Cynicism is killing this country.

Although Herney knew he could destroy Sexton with scandal, the cost would be besmirching the dignity of the U.S. Senate, something Herney refused to do.

No more negatives. Herney would beat Senator Sexton on the issues.

Pickering, angered by the White House's refusal to use the evidence he had provided, tried to jump-start the scandal by leaking a rumor that Sexton had slept with Gabrielle Ashe. Unfortunately, Sexton declared his innocence with such convincing indignation that the President ended up having to apologize for the leak personally. In the end William Pickering had done more damage than good. Herney told Pickering that if he ever interfered in the campaign again, he would be indicted. The grand irony, of course, was that Pickering did not even like President Herney. The NRO director's attempts to help Herney's campaign were simply fears over the fate of NASA. Zach Herney was the lesser of two evils.

Now has someone killed Pickering?

Herney could not imagine.

"Mr. President?" an aide said. "As you requested, I called Lawrence Ekstrom and told him about Marjorie Tench."

"Thank you."

"He would like to speak to you, sir."

Herney was still furious with Ekstrom for lying about PODS. "Tell him I'll talk to him in the morning."

"Mr. Ekstrom wants to talk to you right away, sir." The aide looked uneasy. "He's very upset."

HE'S upset? Herney could feel his temper fraying around the edges. As he stalked off to take Ekstrom's call, the President wondered what the hell else could possibly go wrong tonight.


Onboard the Goya, Rachel felt lightheaded. The mystification that had settled around her like a heavy fog was lifting now. The stark reality that came into focus left her feeling naked and disgusted. She looked at the stranger before her and could barely hear his voice.

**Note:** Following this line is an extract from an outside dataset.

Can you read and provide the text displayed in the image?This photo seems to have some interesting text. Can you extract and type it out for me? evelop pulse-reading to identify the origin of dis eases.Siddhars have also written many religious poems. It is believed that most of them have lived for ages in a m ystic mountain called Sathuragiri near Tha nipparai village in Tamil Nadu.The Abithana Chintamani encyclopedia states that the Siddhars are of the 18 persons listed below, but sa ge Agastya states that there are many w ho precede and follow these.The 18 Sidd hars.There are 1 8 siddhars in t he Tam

"We needed to rebuild NASA's image," Pickering was saying. "Their declining popularity and funding had become dangerous on so many levels." Pickering paused, his gray eyes locking on hers. "Rachel, NASA was desperate for a triumph. Someone had to make it happen."

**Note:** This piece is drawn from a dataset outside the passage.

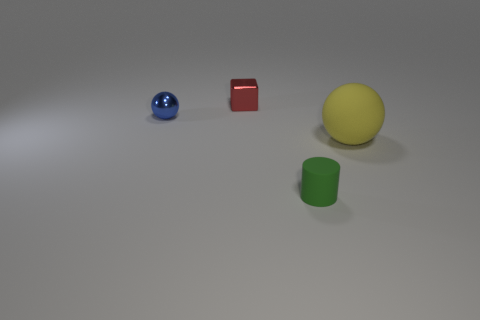Add 2 small cyan objects. How many objects exist? 6 Subtract 0 green cubes. How many objects are left? 4 Subtract all blocks. How many objects are left? 3 Subtract all tiny spheres. Subtract all tiny red metallic things. How many objects are left? 2 Add 4 shiny objects. How many shiny objects are left? 6 Add 4 red metallic things. How many red metallic things exist? 5

Something had to be done, Pickering thought.

The meteorite had been a final act of desperation. Pickering and others had tried to save NASA by lobbying to incorporate the space agency into the intelligence community where it would enjoy increased funding and better security, but the White House continuously rebuffed the idea as an assault on pure science. Shortsighted idealism. With the rising popularity of Sexton's anti-NASA rhetoric, Pickering and his band of military powerbrokers knew time was running short. They decided that capturing the imagination of taxpayers and Congress was the only remaining way to salvage NASA's image and save it from the auction block. If the space agency was to survive, it would need an infusion of grandeur-something to remind the taxpayers of NASA's Apollo glory days. And if Zach Herney was going to defeat Senator Sexton, he was going to need help.